Understanding the phenomenology of phase resetting is an essential step
toward developing a formalism for the analysis of circuits composed of
bursting neurons that receive multiple, and sometimes overlapping,
inputs. If we are to use phase-resetting methods to analyze these
circuits, we can either generate phase-resetting curves (PRCs) for all
possible inputs and combinations of inputs, or we can develop an
understanding of how to construct PRCs for arbitrary perturbations of a
given neuron. The latter strategy is the goal of this study.

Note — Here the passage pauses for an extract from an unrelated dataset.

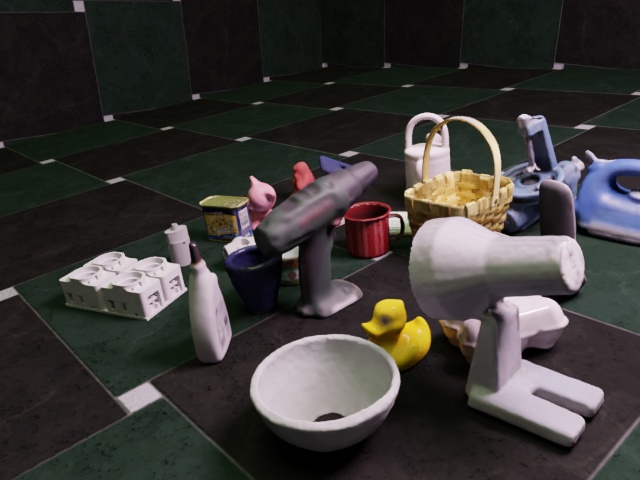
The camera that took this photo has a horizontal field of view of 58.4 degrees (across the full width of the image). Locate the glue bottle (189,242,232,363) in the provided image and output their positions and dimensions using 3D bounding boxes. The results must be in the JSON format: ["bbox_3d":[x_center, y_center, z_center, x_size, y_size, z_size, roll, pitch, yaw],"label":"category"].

We present a geometrical derivation of phase resetting of neural limit
cycle oscillators in response to short current pulses. A geometrical
phase is defined as the distance traveled along the limit cycle in the
appropriate phase space. The perturbations in current are treated as
displacements in the direction corresponding to membrane voltage. We
show that for type I oscillators, the direction of a perturbation in
current is nearly tangent to the limit cycle; hence, the projection of
the displacement in voltage onto the limit cycle is sufficient to give
the geometrical phase resetting. In order to obtain the phase resetting
in terms of elapsed time or temporal phase, a mapping between
geometrical and temporal phase is obtained empirically and used to make
the conversion. This mapping is shown to be an invariant of the
dynamics. Perturbations in current applied to type II oscillators
produce significant normal displacements from the limit cycle, so the
difference in angular velocity at displaced points compared to the
angular velocity on the limit cycle must be taken into account.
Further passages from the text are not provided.